One evening I was sauntering along a soft, grey, dusty track between two breast-high walls of grain. So narrow was the track that here and there tar-besmeared cars were lying–tangled, broken, and crushed–in the ruts of the cartway.

Field mice squeaked as a heavy car first swayed–then bent forwards towards the sun-baked earth. A number of martins and swallows were flitting in the sky, and constituting a sign of the immediate proximity of dwellings and a river; though for the moment, as my eyes roved over the sea of gold, they encountered naught beyond a belfry rising to heaven like a ship’s mast, and some trees which from afar looked like the dark sails of a ship. Yes, there was nothing else to be seen save the brocaded, undulating steppe where gently it sloped away south-westwards. And as was the earth’s outward appearance, so was that of the sky–equally peaceful.

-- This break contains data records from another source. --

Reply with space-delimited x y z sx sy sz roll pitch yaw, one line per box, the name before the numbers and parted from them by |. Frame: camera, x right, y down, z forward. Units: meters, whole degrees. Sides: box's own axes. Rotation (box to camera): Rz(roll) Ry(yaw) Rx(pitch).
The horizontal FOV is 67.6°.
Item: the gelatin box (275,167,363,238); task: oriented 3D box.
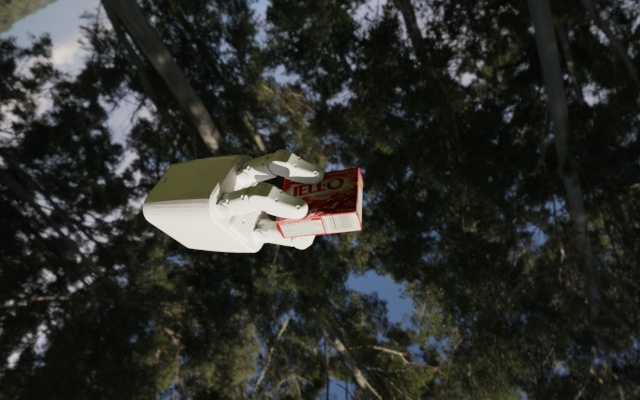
gelatin box | 0.001 0.002 0.519 0.089 0.030 0.073 -7 41 13
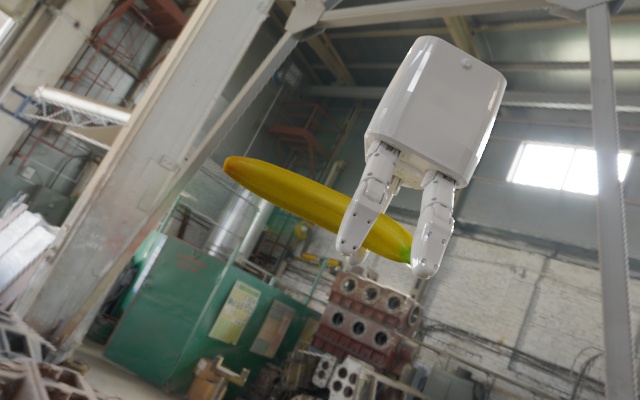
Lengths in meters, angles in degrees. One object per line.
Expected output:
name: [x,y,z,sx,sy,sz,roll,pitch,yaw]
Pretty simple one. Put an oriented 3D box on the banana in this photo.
banana: [0.007,0.007,0.431,0.198,0.037,0.070,25,-6,15]
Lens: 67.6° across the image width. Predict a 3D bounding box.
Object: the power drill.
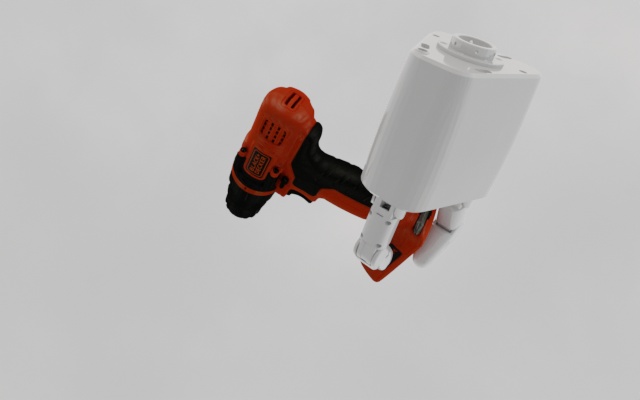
[{"bbox_3d":[0.001,0.002,0.461,0.187,0.057,0.184,32,-37,-3],"label":"power drill"}]
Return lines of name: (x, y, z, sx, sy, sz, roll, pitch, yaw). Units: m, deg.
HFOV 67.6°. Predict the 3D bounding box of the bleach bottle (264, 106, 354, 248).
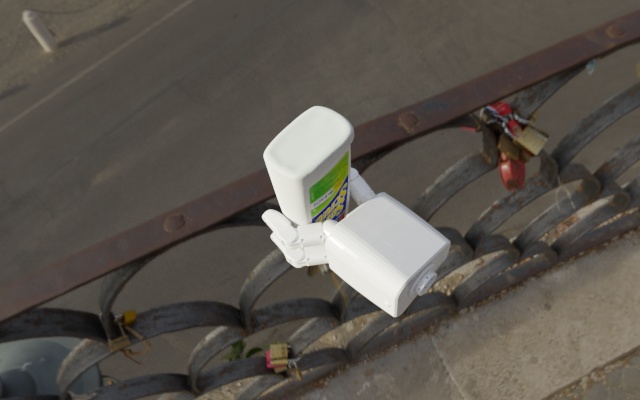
bleach bottle: (0.000, 0.002, 0.611, 0.068, 0.102, 0.251, 37, -20, 26)
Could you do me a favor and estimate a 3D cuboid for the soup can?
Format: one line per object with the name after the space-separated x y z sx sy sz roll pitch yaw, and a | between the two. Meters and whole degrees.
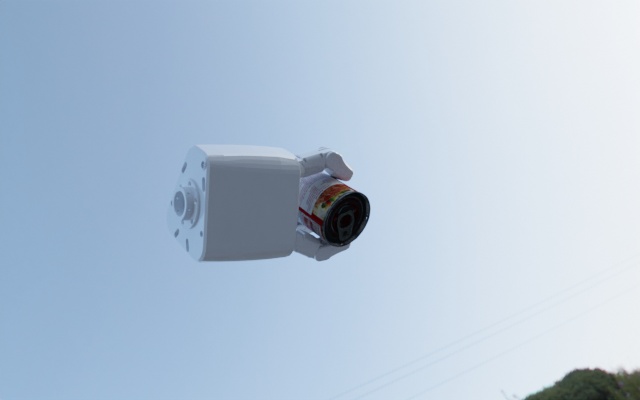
0.000 0.002 0.564 0.068 0.068 0.102 0 23 -41 | soup can
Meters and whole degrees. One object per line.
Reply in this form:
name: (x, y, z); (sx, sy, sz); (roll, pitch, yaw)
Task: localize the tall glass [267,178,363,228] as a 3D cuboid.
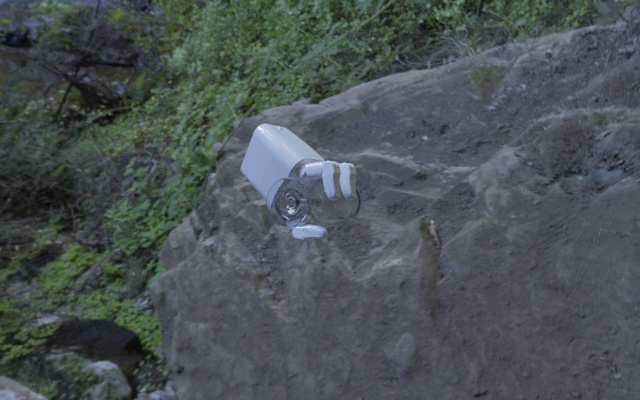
tall glass: (0.000, 0.003, 0.786); (0.079, 0.079, 0.201); (0, 0, 30)
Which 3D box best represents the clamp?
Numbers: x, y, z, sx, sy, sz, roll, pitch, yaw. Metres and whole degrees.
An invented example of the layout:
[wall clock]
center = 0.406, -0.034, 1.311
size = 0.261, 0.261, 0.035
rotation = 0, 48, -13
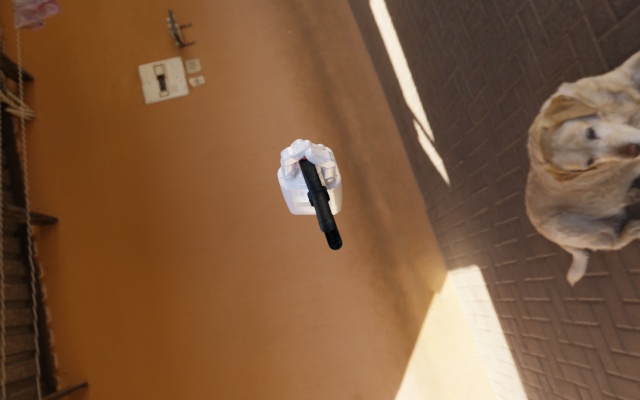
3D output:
[clamp]
center = -0.001, 0.003, 0.814
size = 0.039, 0.171, 0.120
rotation = -15, -31, -2
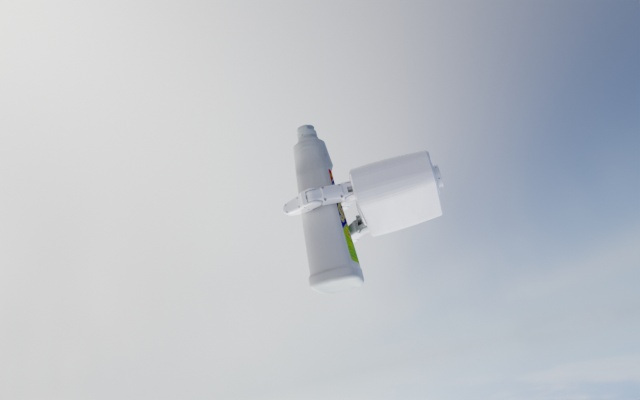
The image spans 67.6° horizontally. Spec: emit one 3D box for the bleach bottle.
[{"bbox_3d":[0.000,0.002,0.686,0.068,0.250,0.102,-16,-20,10],"label":"bleach bottle"}]
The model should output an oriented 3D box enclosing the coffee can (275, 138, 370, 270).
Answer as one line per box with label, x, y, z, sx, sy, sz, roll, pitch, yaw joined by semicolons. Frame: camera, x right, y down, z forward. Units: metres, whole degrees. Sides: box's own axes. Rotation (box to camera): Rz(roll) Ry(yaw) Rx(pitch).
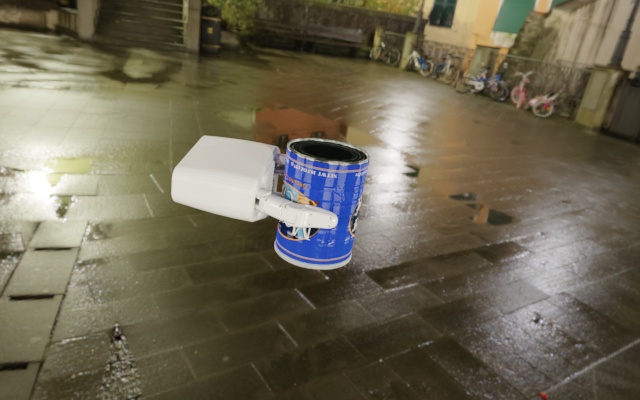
coffee can;0.000;0.002;0.608;0.103;0.140;0.102;8;21;-3
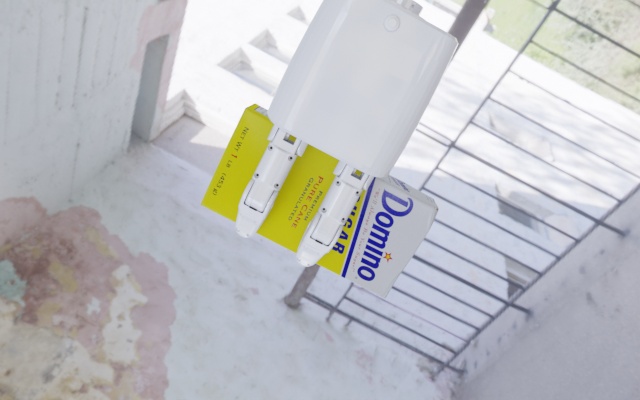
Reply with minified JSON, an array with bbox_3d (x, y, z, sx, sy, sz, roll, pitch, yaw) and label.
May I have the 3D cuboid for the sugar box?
[{"bbox_3d":[0.000,0.001,0.403,0.176,0.093,0.048,27,16,-2],"label":"sugar box"}]
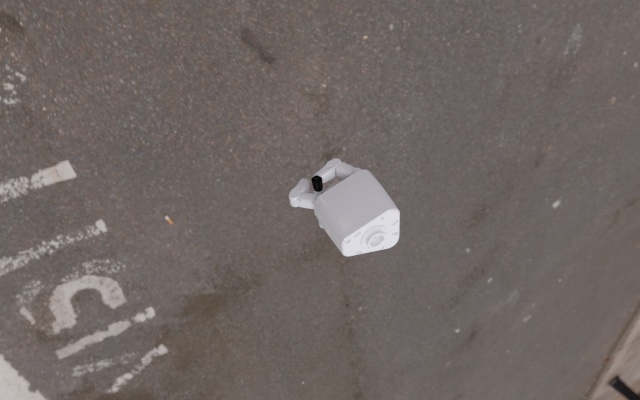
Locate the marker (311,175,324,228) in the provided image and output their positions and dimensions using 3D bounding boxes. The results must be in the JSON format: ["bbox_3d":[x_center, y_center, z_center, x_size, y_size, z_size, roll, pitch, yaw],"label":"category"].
[{"bbox_3d":[0.000,0.003,0.843,0.020,0.020,0.121,0,-44,9],"label":"marker"}]
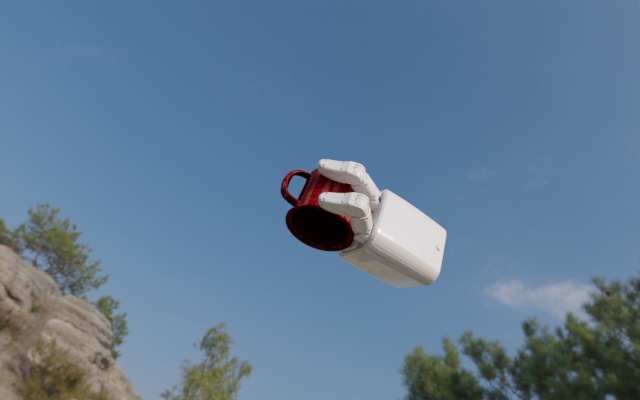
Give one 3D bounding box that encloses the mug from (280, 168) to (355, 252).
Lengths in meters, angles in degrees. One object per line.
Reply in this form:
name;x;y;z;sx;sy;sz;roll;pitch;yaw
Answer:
mug;-0.001;0.001;0.636;0.117;0.081;0.093;32;-39;-12
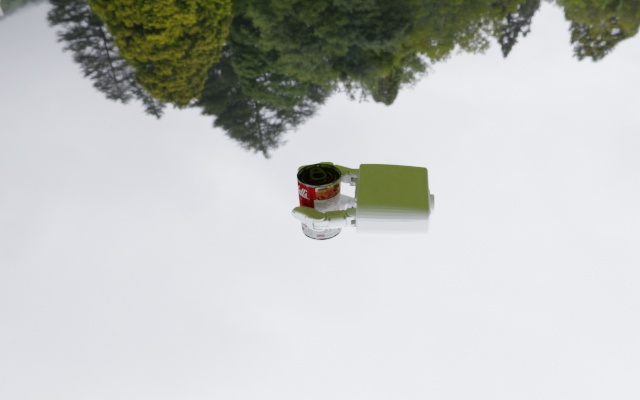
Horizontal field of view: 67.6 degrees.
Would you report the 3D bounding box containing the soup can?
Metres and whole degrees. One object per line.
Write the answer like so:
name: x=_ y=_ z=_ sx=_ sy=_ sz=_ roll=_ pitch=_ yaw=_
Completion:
soup can: x=0.000 y=0.003 z=0.747 sx=0.068 sy=0.102 sz=0.068 roll=-2 pitch=33 yaw=2
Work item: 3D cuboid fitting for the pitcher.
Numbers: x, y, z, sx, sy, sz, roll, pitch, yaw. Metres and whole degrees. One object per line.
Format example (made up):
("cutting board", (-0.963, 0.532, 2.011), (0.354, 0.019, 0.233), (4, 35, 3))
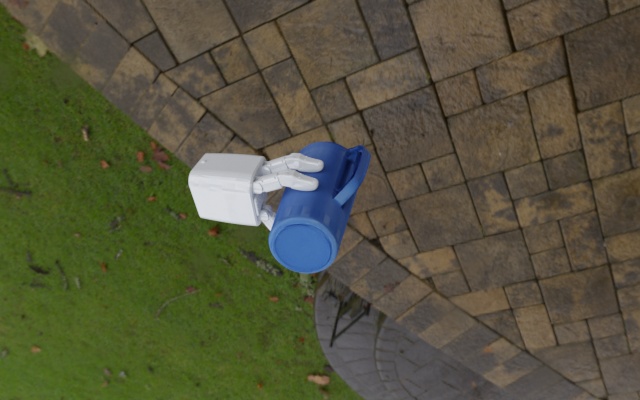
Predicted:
("pitcher", (0.000, 0.003, 0.809), (0.145, 0.149, 0.242), (8, 33, 6))
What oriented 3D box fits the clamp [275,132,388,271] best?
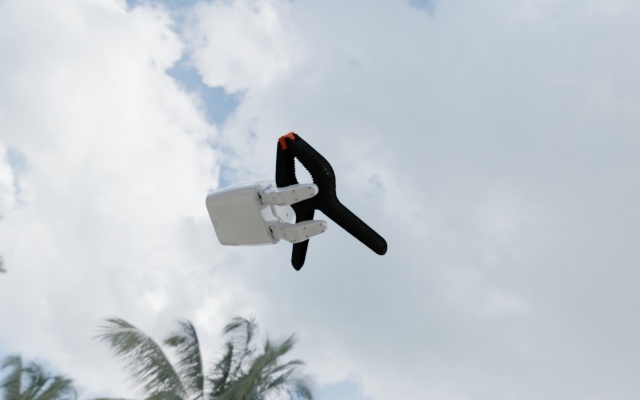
[{"bbox_3d":[0.000,0.001,0.679,0.164,0.210,0.036,-8,17,31],"label":"clamp"}]

Invariably, the steppe makes one feel like a fly on a platter. Invariably, it inclines one to believe, when the centre of the expanse is reached, that the earth lies within the compass of the sky, with the sun embracing it, and the stars hemming it about as, half-blinded, they stare at the sun’s beauty.


Presently the sun’s huge, rosy-red disk impinged upon the blue shadows of the horizon before preparing to sink into a snow-white cloud-bank; and as it did so it bathed the ears of grain around me in radiance and caused the cornflowers to seem the darker by comparison; and the stillness, the herald of night, to accentuate more than ever the burden of the earth’s song.

Fanwise then spread the ruddy beams over the firmament; and, in so doing, they cast upon my breast a shaft of light like Moses’ rod, and awoke therein a flood of calm, but ardent, sentiments which set me longing to embrace all the evening world, and to pour into its ear great, eloquent, and never previously voiced, utterances.

Now, too, the firmament began to spangle itself with stars; and since the earth is equally a star, and is peopled with humankind, I found myself longing to traverse every road throughout the universe, and to behold, dispassionately, all the joys and sorrows of life, and to join my fellows in drinking honey mixed with gall.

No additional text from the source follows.